## DATA FOR THIS EXERCISE
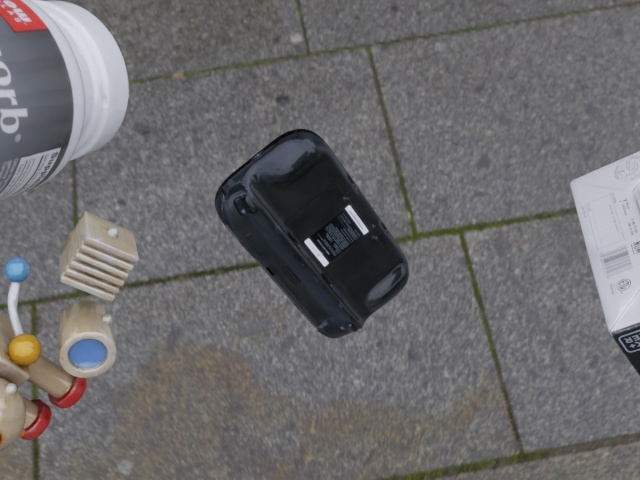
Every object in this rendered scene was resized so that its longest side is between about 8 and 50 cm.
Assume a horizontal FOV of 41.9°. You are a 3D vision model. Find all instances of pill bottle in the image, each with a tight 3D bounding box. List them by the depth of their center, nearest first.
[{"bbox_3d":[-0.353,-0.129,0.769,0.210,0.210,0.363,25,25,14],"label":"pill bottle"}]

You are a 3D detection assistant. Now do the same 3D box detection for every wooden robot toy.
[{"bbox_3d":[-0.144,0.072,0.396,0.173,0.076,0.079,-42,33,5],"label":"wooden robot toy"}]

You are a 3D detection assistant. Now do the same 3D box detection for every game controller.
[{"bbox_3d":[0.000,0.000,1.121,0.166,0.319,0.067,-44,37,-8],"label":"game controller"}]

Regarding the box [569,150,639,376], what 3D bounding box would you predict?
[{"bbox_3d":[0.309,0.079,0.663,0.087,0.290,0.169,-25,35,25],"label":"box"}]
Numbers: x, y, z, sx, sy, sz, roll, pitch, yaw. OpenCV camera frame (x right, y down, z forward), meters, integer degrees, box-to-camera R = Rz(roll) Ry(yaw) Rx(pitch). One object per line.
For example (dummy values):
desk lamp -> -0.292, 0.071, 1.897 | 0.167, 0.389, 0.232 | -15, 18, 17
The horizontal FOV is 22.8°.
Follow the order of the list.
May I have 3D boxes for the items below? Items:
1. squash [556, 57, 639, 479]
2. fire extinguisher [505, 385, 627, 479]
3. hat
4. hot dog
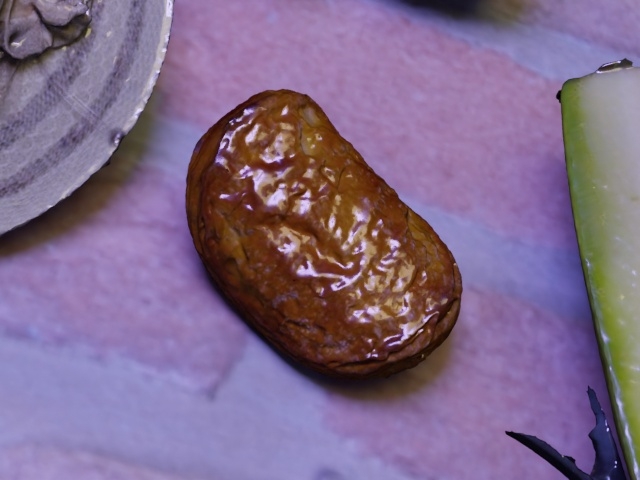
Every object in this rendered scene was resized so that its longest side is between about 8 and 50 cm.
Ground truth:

## EXERCISE DETAILS
Would you provide an exact, picture-free copy of the data above?

## ANSWER BELOW
Every object in this rendered scene was resized so that its longest side is between about 8 and 50 cm.
Assume a horizontal FOV of 41.9°. You are a 3D vision model. Find all instances of pill bottle in the image, each with a tight 3D bounding box. List them by the depth of their center, nearest first.
[{"bbox_3d":[-0.353,-0.129,0.769,0.210,0.210,0.363,25,25,14],"label":"pill bottle"}]

You are a 3D detection assistant. Now do the same 3D box detection for every wooden robot toy.
[{"bbox_3d":[-0.144,0.072,0.396,0.173,0.076,0.079,-42,33,5],"label":"wooden robot toy"}]

You are a 3D detection assistant. Now do the same 3D box detection for every game controller.
[{"bbox_3d":[0.000,0.000,1.121,0.166,0.319,0.067,-44,37,-8],"label":"game controller"}]

Regarding the box [569,150,639,376], what 3D bounding box would you predict?
[{"bbox_3d":[0.309,0.079,0.663,0.087,0.290,0.169,-25,35,25],"label":"box"}]
Numbers: x, y, z, sx, sy, sz, roll, pitch, yaw. OpenCV camera frame (x right, y down, z forward), meters, integer degrees, box-to-camera R = Rz(roll) Ry(yaw) Rx(pitch). One object per line.
For example (dummy values):
desk lamp -> -0.292, 0.071, 1.897 | 0.167, 0.389, 0.232 | -15, 18, 17
The horizontal FOV is 22.8°.
Follow the order of the list.
May I have 3D boxes for the items below? Items:
1. squash [556, 57, 639, 479]
2. fire extinguisher [505, 385, 627, 479]
3. hat
4. hot dog
Every object in this rendered scene was resized so that its longest side is between about 8 and 50 cm.
Ground truth:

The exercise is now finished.